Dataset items
-- Opening Marker --

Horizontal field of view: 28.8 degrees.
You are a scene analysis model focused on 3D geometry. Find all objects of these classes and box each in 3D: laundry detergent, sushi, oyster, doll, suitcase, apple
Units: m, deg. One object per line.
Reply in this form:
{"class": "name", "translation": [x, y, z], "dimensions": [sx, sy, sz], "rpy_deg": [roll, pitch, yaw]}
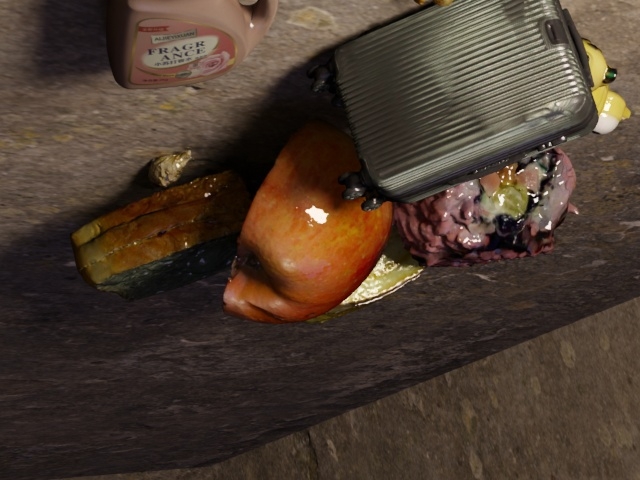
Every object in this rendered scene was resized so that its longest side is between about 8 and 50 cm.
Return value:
{"class": "laundry detergent", "translation": [-0.121, -0.238, 1.217], "dimensions": [0.171, 0.076, 0.237], "rpy_deg": [-11, 160, -18]}
{"class": "sushi", "translation": [0.226, -0.077, 1.766], "dimensions": [0.270, 0.236, 0.171], "rpy_deg": [-1, -178, -39]}
{"class": "oyster", "translation": [-0.194, -0.089, 1.676], "dimensions": [0.080, 0.038, 0.083], "rpy_deg": [-21, 162, 13]}
{"class": "doll", "translation": [0.354, -0.210, 1.699], "dimensions": [0.117, 0.086, 0.291], "rpy_deg": [22, 178, 22]}
{"class": "suitcase", "translation": [0.155, -0.169, 1.448], "dimensions": [0.312, 0.202, 0.128], "rpy_deg": [-20, 163, 17]}
{"class": "apple", "translation": [0.000, 0.000, 1.667], "dimensions": [0.163, 0.251, 0.293], "rpy_deg": [25, 142, 10]}

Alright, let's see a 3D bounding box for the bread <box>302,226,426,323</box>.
{"class": "bread", "translation": [0.046, 0.012, 1.881], "dimensions": [0.257, 0.186, 0.124], "rpy_deg": [-37, -178, -8]}

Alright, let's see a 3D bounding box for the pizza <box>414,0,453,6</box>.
{"class": "pizza", "translation": [0.200, -0.304, 1.314], "dimensions": [0.193, 0.053, 0.201], "rpy_deg": [-10, 162, -17]}

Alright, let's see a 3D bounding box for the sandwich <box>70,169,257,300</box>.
{"class": "sandwich", "translation": [-0.200, 0.003, 1.792], "dimensions": [0.271, 0.099, 0.301], "rpy_deg": [-23, 171, 4]}
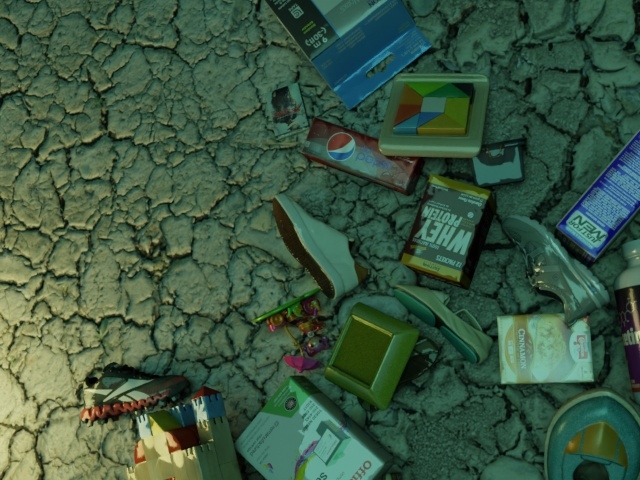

-- Closing Marker --

What to produce: When a line in the data contains "scene", return it as written.

Task response:
You are a scene analysis model focused on 3D geometry. Find all objects of these classes and box each in 3D: laundry detergent, sushi, oyster, doll, suitcase, apple
Every object in this rendered scene was resized so that its longest side is between about 8 and 50 cm.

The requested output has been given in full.